Look through the entries below and return all lines including the word "roll".

(Data in this exercise Opens)

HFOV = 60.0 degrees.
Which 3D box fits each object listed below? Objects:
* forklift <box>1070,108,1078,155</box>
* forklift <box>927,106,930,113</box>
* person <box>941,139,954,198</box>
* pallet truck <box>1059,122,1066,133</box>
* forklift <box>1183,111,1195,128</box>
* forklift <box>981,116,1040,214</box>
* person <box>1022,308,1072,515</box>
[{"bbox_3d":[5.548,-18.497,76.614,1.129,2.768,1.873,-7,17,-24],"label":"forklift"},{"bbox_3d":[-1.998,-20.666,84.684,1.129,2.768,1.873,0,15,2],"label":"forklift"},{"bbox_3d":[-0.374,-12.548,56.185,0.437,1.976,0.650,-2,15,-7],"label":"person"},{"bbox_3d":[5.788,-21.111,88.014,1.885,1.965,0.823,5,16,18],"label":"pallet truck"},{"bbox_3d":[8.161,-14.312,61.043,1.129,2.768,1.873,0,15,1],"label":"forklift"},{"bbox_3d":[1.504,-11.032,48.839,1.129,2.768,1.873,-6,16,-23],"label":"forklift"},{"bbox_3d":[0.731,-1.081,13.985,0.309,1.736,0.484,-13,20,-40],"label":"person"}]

(Data in this exercise Closes)
(Data in this exercise Opens)

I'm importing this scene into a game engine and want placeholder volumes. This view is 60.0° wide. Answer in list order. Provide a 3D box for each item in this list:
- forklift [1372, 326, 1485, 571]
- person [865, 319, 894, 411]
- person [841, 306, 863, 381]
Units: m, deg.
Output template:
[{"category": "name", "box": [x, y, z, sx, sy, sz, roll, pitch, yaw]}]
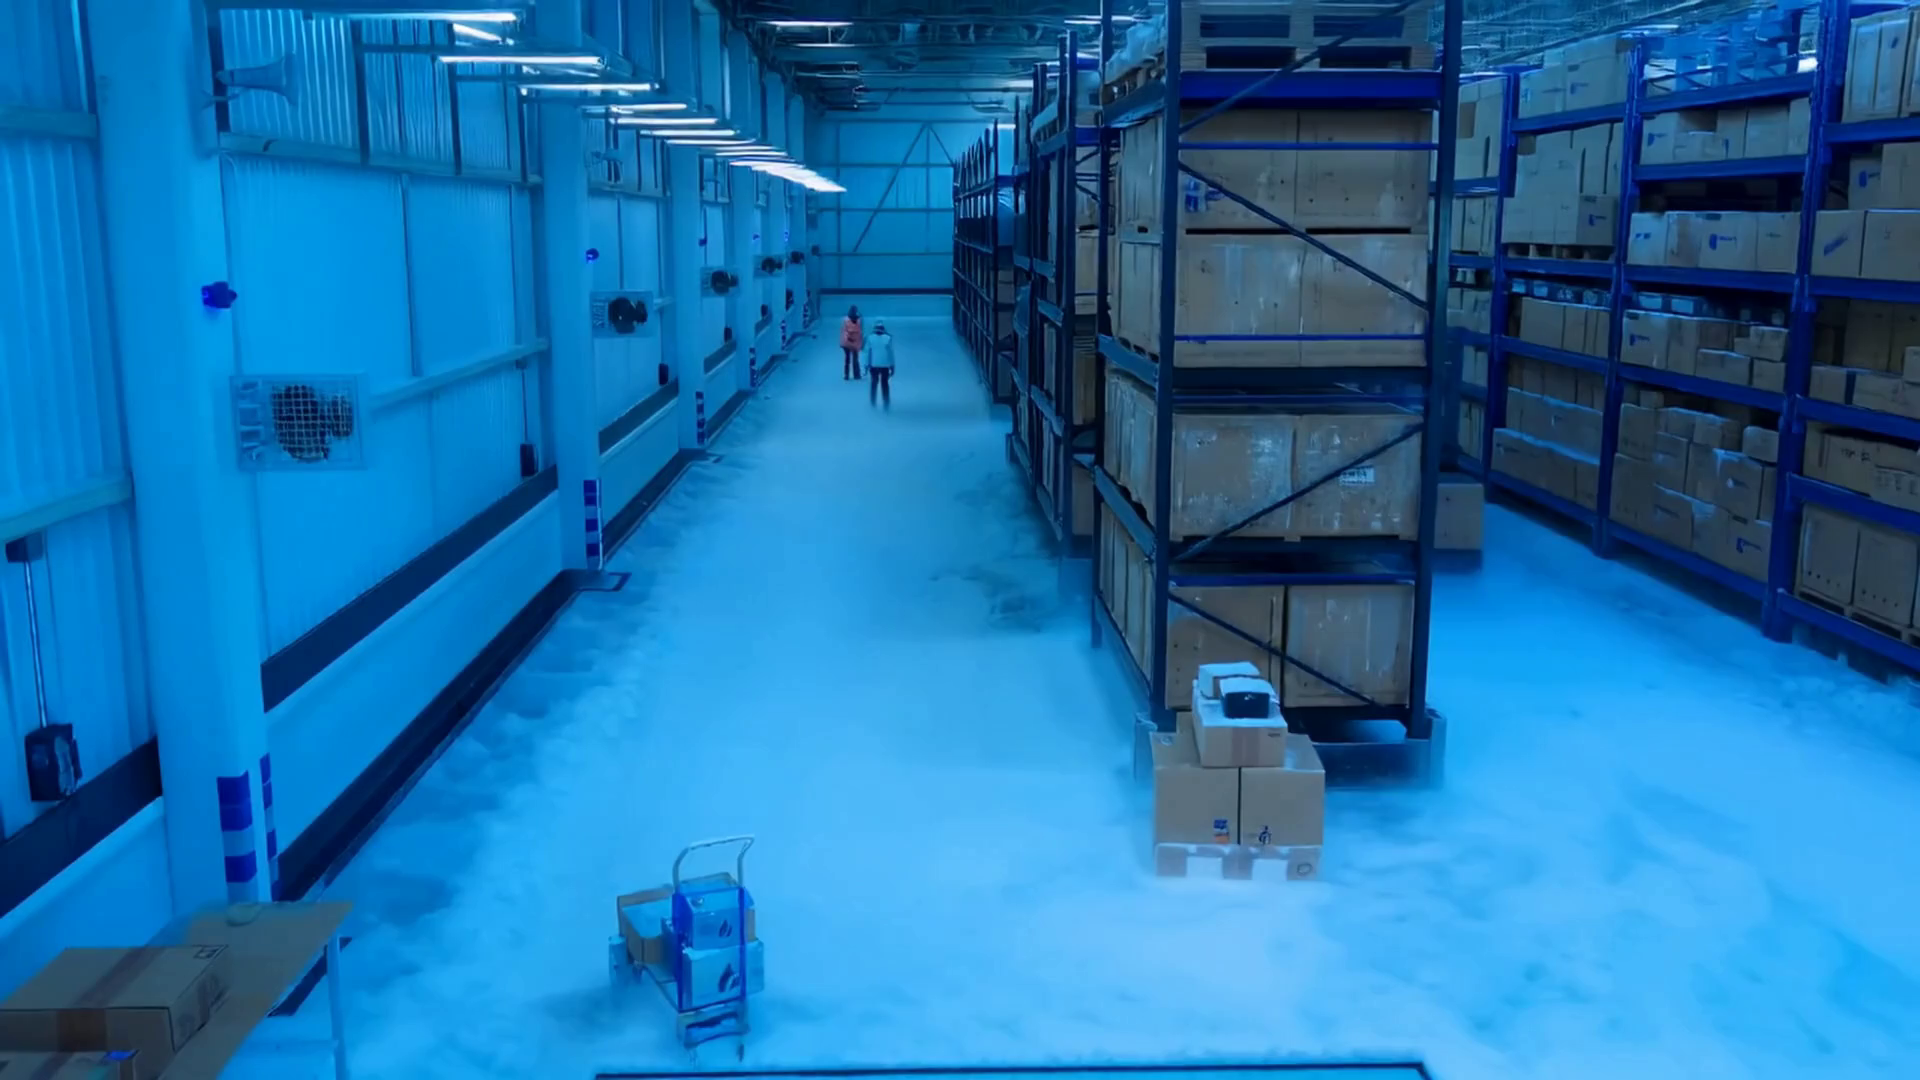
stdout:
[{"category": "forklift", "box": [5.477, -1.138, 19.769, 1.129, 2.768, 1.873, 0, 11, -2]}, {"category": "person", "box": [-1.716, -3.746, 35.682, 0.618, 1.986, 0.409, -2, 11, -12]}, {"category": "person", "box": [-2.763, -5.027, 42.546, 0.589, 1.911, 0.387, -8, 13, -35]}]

(Data in this exercise Closes)
(Data in this exercise Opens)

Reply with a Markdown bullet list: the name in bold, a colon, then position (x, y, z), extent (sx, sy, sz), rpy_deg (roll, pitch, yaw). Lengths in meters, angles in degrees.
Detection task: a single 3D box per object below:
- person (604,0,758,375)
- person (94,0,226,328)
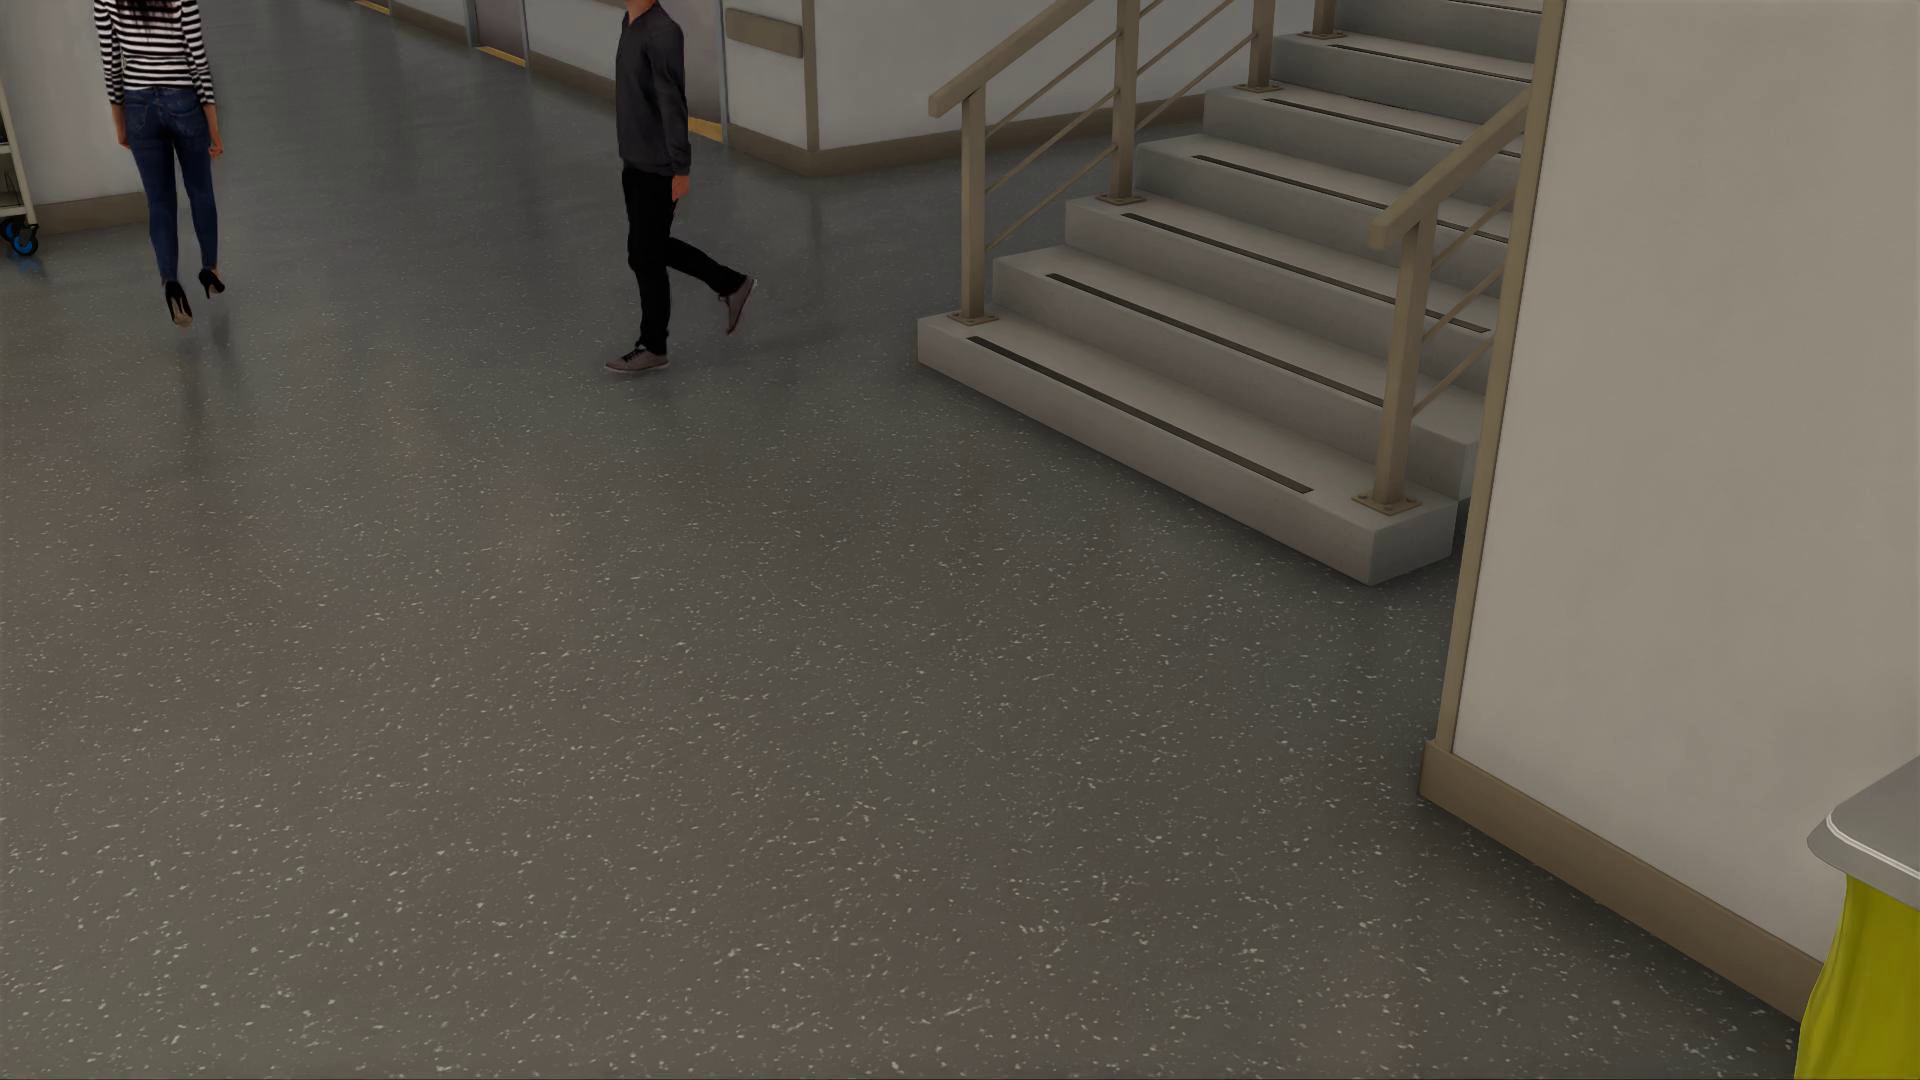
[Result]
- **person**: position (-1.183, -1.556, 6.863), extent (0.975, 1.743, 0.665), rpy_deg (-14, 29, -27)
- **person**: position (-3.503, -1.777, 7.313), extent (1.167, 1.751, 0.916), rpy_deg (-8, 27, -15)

(Data in this exercise Closes)

* **Written answer**:
[{"category": "name", "box": [x, y, z, sx, sy, sz, roll, pitch, yaw]}]
Reply with a Markdown bullet list: the name in bold, a colon, then position (x, y, z), extent (sx, sy, sz), rpy_deg (roll, pitch, yaw). Lengths in meters, angles in degrees.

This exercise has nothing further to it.